JurisdictionEuropean Union
ECLIECLI:EU:C:2011:605
Docket NumberC-482/09
Celex Number62009CJ0482
CourtCourt of Justice (European Union)
Procedure TypeReference for a preliminary ruling
Date22 September 2011

Affaire C-482/09

Budějovický Budvar, národní podnik

contre

Anheuser-Busch Inc.

(demande de décision préjudicielle, introduite par

la Court of Appeal (England & Wales) (Civil Division))

«Marques — Directive 89/104/CEE — Article 9, paragraphe 1 — Notion de ‘tolérance’ — Forclusion par tolérance — Point de départ du délai de forclusion — Conditions nécessaires pour faire courir le délai de forclusion — Article 4, paragraphe 1, sous a) — Enregistrement de deux marques identiques désignant des produits identiques — Fonctions de la marque — Usage simultané honnête»

Sommaire de l'arrêt

1. Rapprochement des législations — Marques — Directive 89/104 — Forclusion par tolérance — Notion

(Directive du Conseil 89/104, art. 9, § 1)

2. Rapprochement des législations — Marques — Directive 89/104 — Forclusion par tolérance — Délai de forclusion — Point de départ

(Directive du Conseil 89/104, art. 9, § 1)

3. Rapprochement des législations — Marques — Directive 89/104 — Motifs relatifs de refus ou de nullité — Existence d'une marque antérieure identique protégée pour des produits identiques — Exception — Usage simultané honnête et de longue durée ne portant pas atteinte à la fonction essentielle de la marque

(Directive du Conseil 89/104, art. 4, § 1, a))

1. La tolérance, au sens de l’article 9, paragraphe 1, de la première directive 89/104 sur les marques, est une notion du droit de l’Union et le titulaire d’une marque antérieure ne peut être réputé avoir toléré l’usage honnête bien établi et de longue durée, dont il a connaissance depuis longtemps, par un tiers d’une marque postérieure identique à celle de ce titulaire si ce dernier était privé de toute possibilité de s’opposer à cet usage.

En effet, d’une part, le onzième considérant de ladite directive précise que le titulaire de la marque antérieure doit avoir «sciemment toléré» l’usage d’une marque postérieure à la sienne pendant une longue période, c’est-à-dire «délibérément», «en connaissance de cause». Ce même considérant précise qu’il ne doit pas être porté atteinte «de manière inéquitable» aux intérêts du titulaire d’une marque antérieure. Or, il serait inéquitable que le titulaire de la marque antérieure soit forclos pour demander la nullité ou pour s’opposer à l’usage d’une marque postérieure identique, alors même qu’il n’a pas eu la possibilité de le faire.

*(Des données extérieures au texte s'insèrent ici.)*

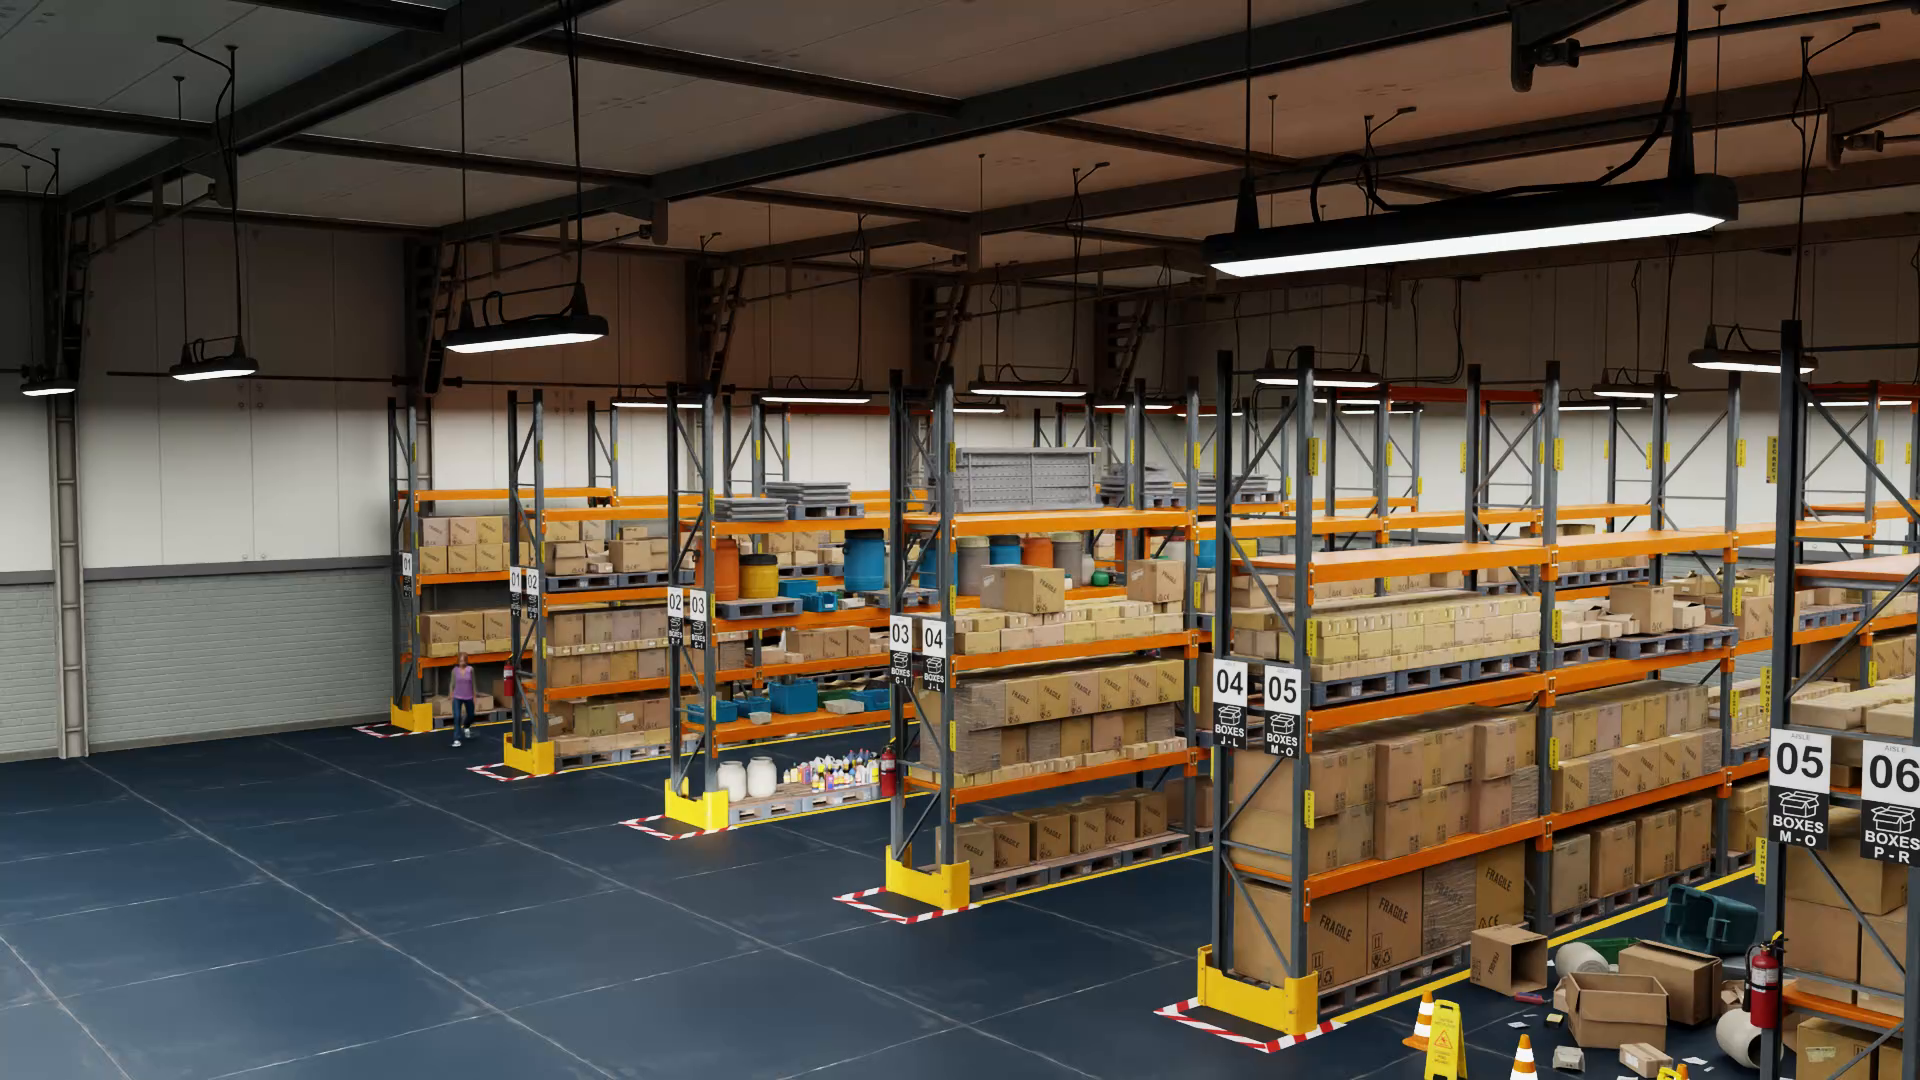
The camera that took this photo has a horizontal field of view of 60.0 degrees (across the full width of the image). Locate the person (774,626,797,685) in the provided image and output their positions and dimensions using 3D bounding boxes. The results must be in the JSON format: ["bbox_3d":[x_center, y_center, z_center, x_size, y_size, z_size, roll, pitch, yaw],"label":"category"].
[{"bbox_3d":[-3.457,2.379,32.973,0.570,1.775,0.768,2,4,27],"label":"person"}]

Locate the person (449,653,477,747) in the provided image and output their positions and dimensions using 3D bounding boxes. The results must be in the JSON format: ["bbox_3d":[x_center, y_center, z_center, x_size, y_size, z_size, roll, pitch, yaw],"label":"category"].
[{"bbox_3d":[-8.521,2.709,28.513,0.447,1.562,0.812,-1,3,-17],"label":"person"}]

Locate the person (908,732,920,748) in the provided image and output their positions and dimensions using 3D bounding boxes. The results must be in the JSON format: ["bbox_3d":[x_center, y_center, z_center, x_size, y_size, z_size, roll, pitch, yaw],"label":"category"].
[{"bbox_3d":[-0.550,2.705,28.197,1.041,1.588,0.518,-2,4,-34],"label":"person"}]
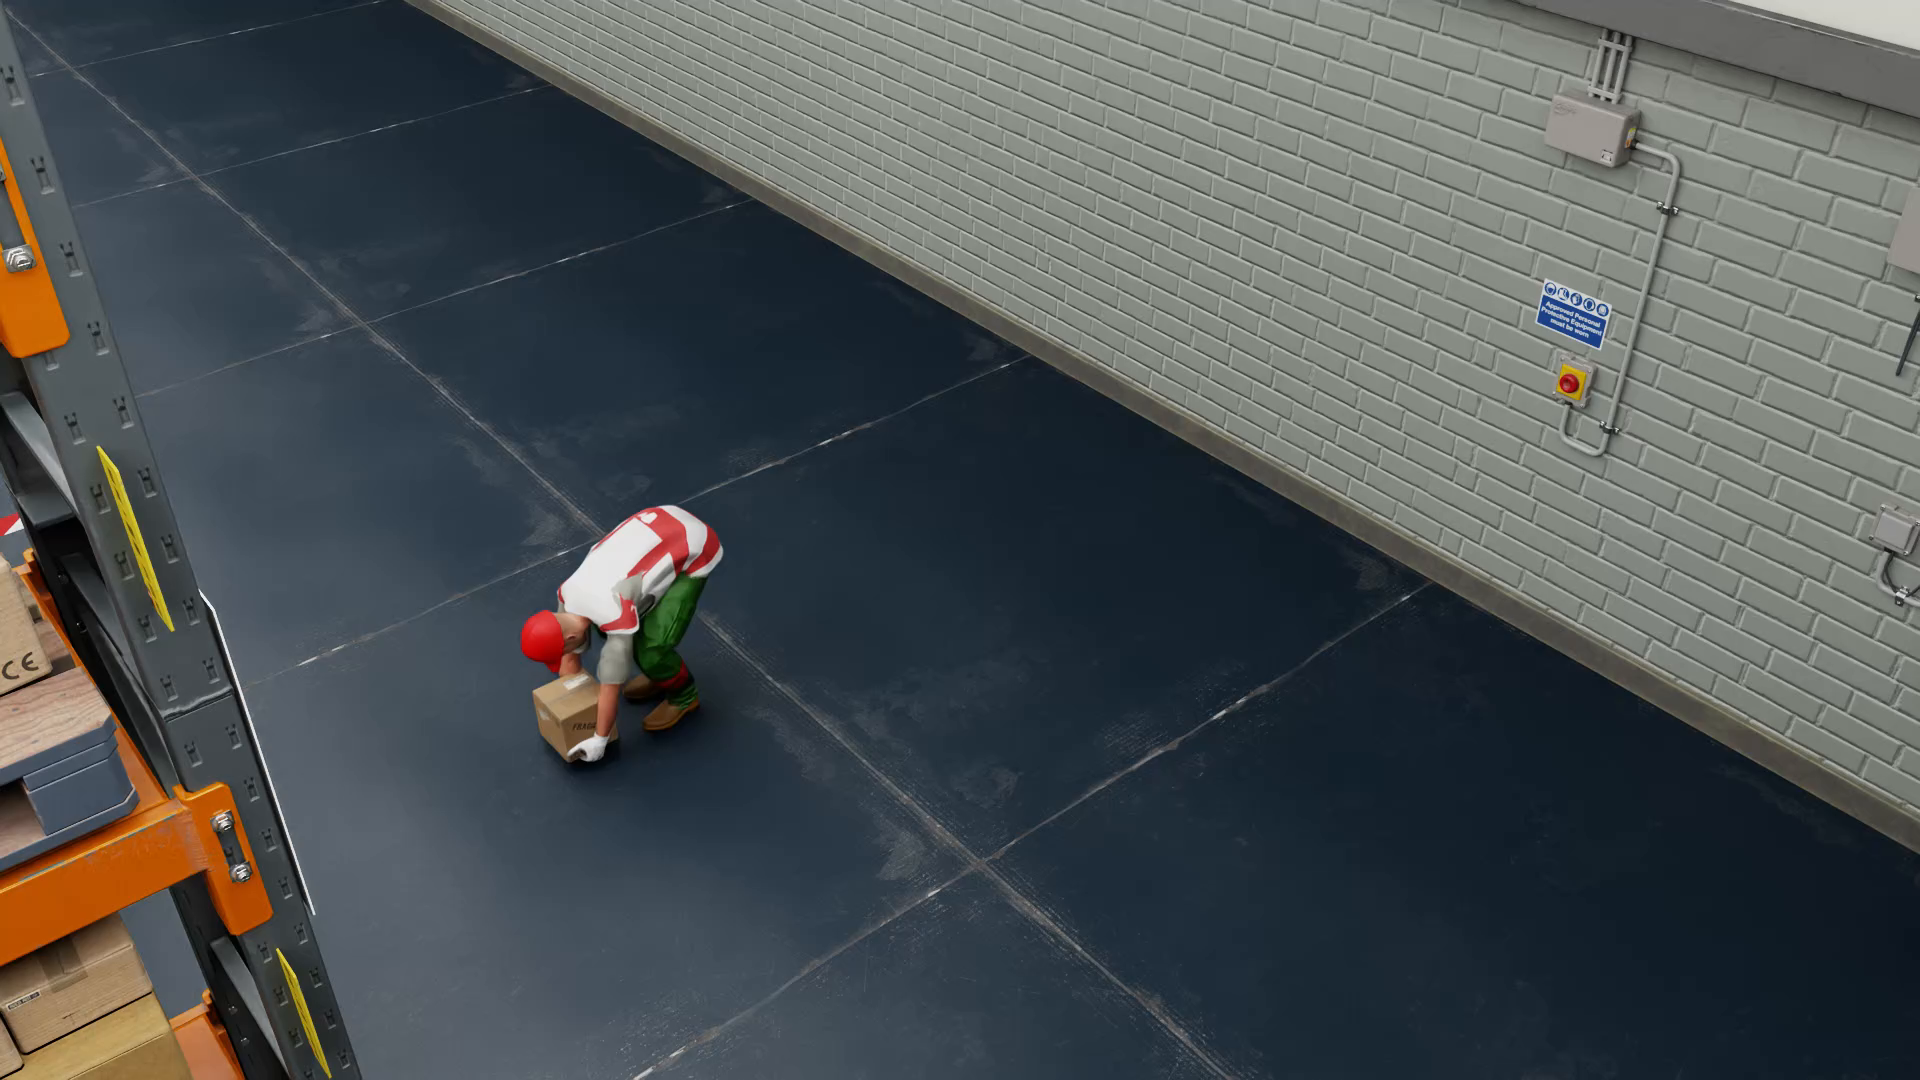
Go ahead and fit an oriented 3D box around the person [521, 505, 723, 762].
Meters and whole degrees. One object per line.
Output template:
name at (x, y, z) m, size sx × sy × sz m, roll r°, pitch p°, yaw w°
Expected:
person at (-1.450, 0.400, 7.199) m, size 0.948 × 0.970 × 0.522 m, roll -28°, pitch 44°, yaw -34°
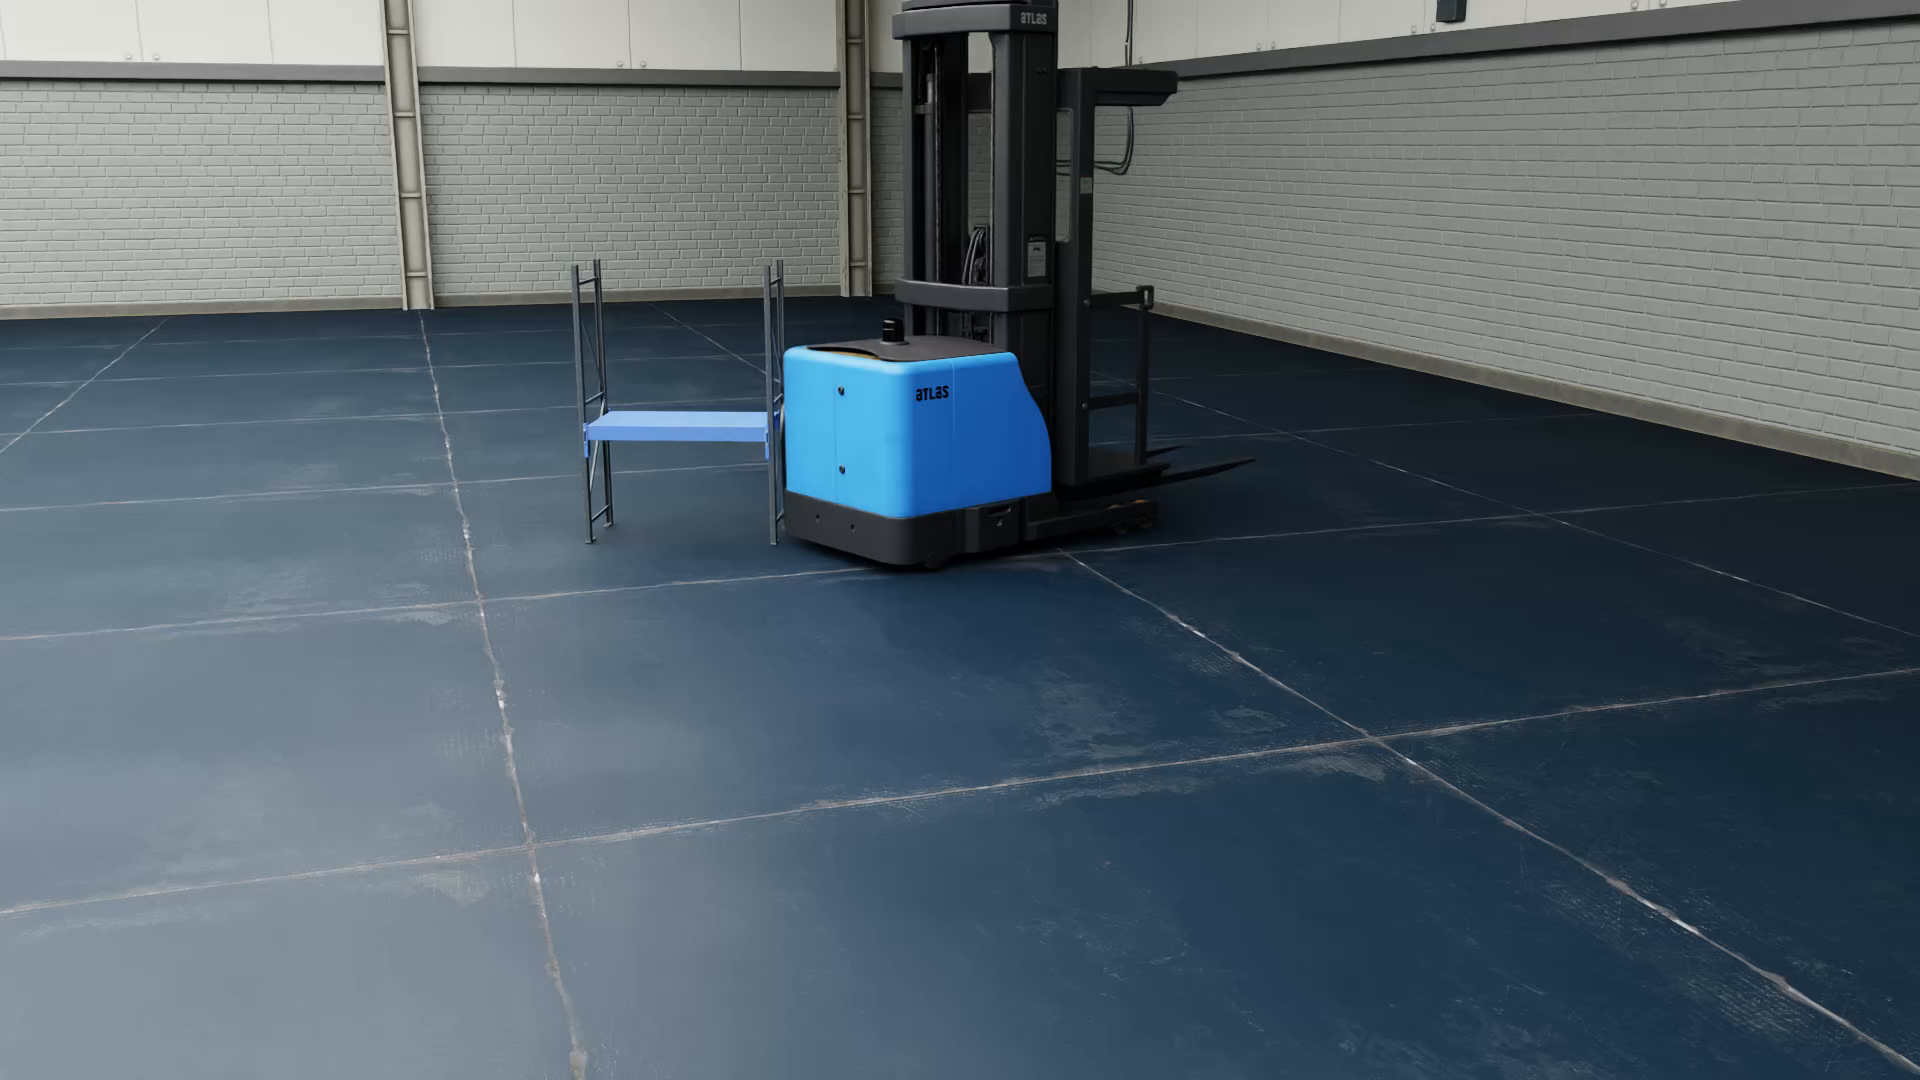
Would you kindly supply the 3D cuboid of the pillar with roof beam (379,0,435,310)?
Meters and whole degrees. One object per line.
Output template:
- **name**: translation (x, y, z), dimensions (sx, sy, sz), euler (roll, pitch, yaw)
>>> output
- **pillar with roof beam**: translation (-5.803, -6.503, 17.037), dimensions (0.400, 9.000, 9.100), euler (-4, 14, -18)

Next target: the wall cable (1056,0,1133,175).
- **wall cable**: translation (1.725, -6.307, 22.922), dimensions (0.112, 2.526, 3.097), euler (-4, 14, -18)

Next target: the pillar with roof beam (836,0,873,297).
- **pillar with roof beam**: translation (-0.116, -6.946, 18.898), dimensions (0.400, 9.000, 9.100), euler (-4, 14, -18)

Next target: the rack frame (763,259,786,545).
- **rack frame**: translation (-1.001, -0.758, 9.090), dimensions (0.032, 1.500, 0.500), euler (1, 13, 2)

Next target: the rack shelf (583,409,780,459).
- **rack shelf**: translation (-1.509, -0.589, 9.154), dimensions (1.000, 0.185, 0.538), euler (1, 13, 2)

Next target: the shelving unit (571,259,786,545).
- **shelving unit**: translation (-1.509, -0.764, 9.112), dimensions (1.048, 1.500, 0.538), euler (1, 13, 2)

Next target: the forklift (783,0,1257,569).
- **forklift**: translation (0.490, -1.542, 9.291), dimensions (3.031, 2.935, 1.130), euler (-12, 18, -40)

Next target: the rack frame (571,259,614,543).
- **rack frame**: translation (-2.017, -0.769, 9.134), dimensions (0.032, 1.500, 0.500), euler (1, 13, 2)

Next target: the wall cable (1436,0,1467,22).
- **wall cable**: translation (4.737, -7.389, 13.411), dimensions (0.169, 6.003, 2.305), euler (-4, 14, -18)
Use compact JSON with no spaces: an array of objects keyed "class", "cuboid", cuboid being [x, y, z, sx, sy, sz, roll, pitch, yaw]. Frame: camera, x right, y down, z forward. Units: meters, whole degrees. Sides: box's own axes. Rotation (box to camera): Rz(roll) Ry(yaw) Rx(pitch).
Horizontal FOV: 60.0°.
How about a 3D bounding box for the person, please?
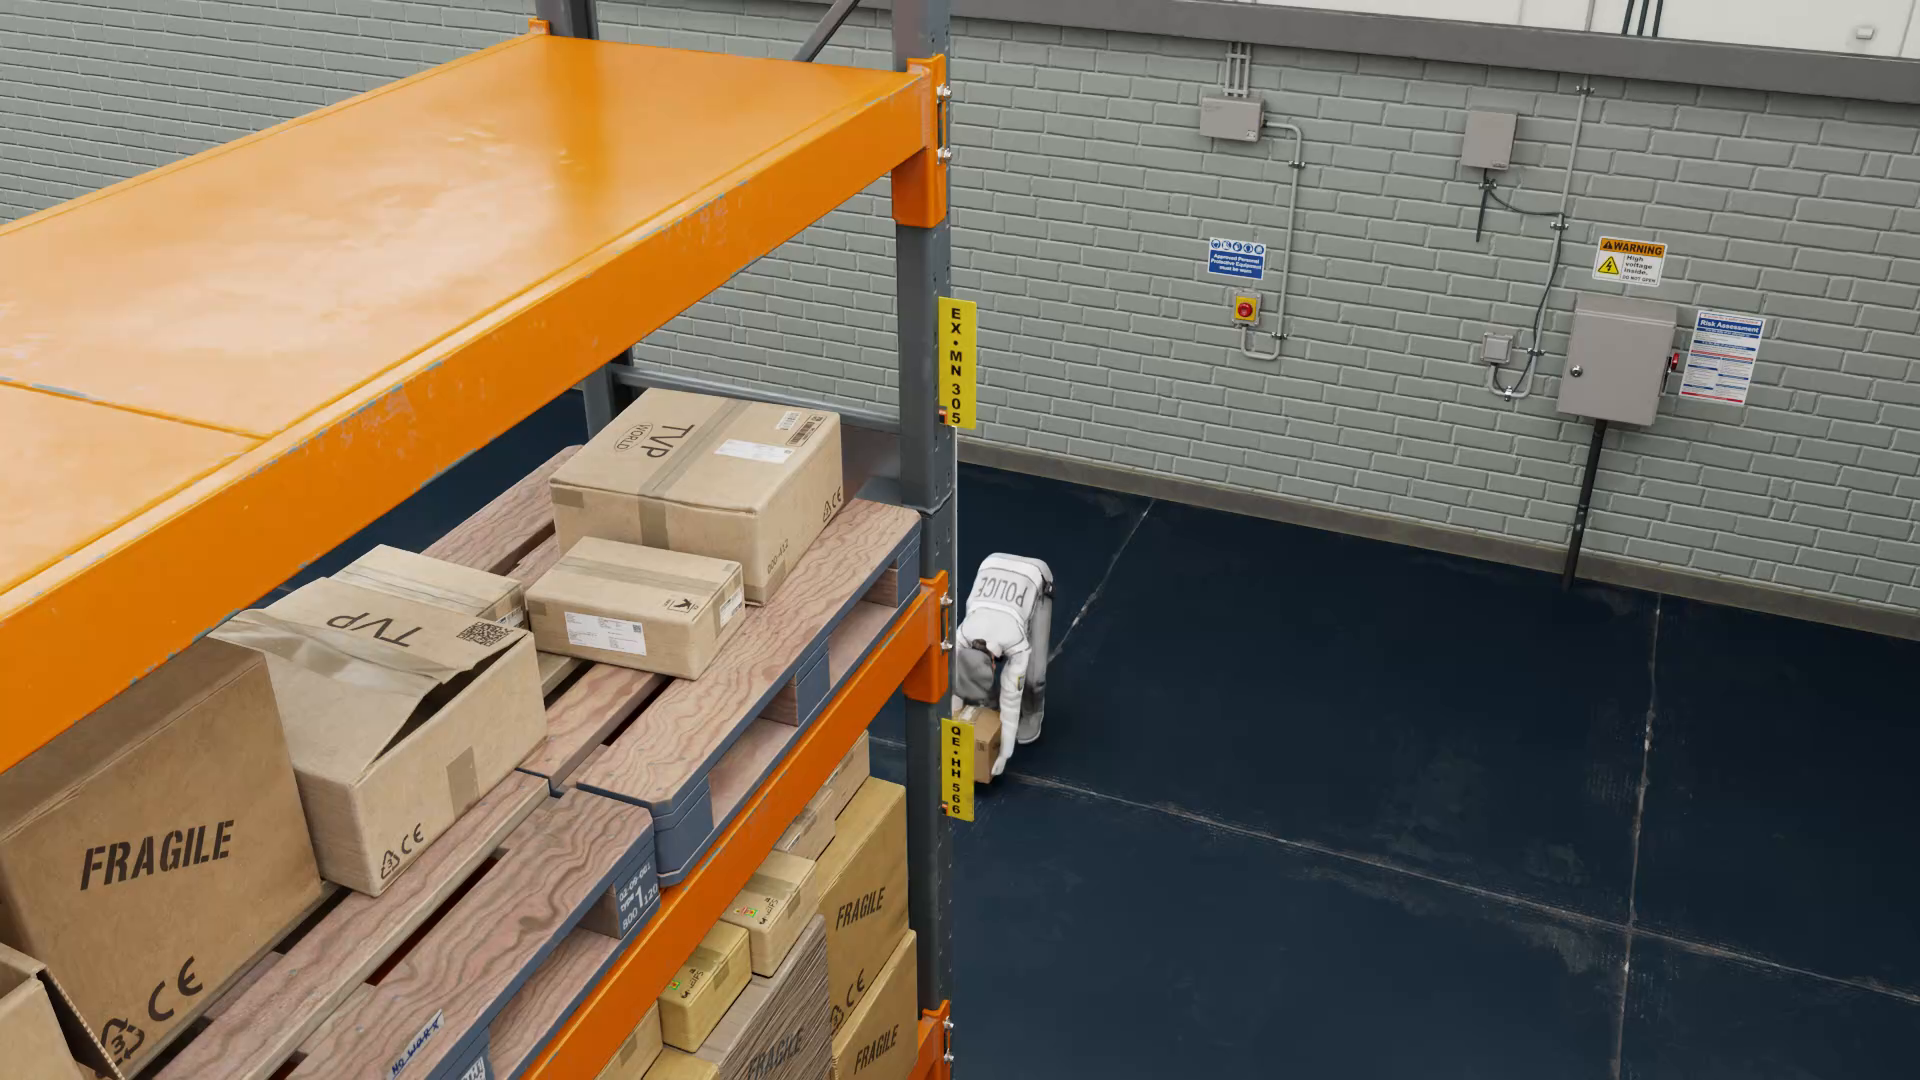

D’autre part, la directive 89/104 vise à mettre en balance les intérêts du titulaire d’une marque à sauvegarder la fonction essentielle de celle-ci et les intérêts d’autres opérateurs économiques à disposer de signes susceptibles de désigner leurs produits et services. Cet objectif implique que, pour sauvegarder cette fonction essentielle, le titulaire d’une marque antérieure doit être en mesure, dans le cadre de l’application de l’article 9, paragraphe 1, de cette directive, de s’opposer à l’usage d’une marque postérieure identique à la sienne.

Toute action administrative ou juridictionnelle introduite par le titulaire de la marque antérieure pendant la période prévue à l’article 9, paragraphe 1, de la directive 89/104 a pour effet d’interrompre le délai de forclusion par tolérance.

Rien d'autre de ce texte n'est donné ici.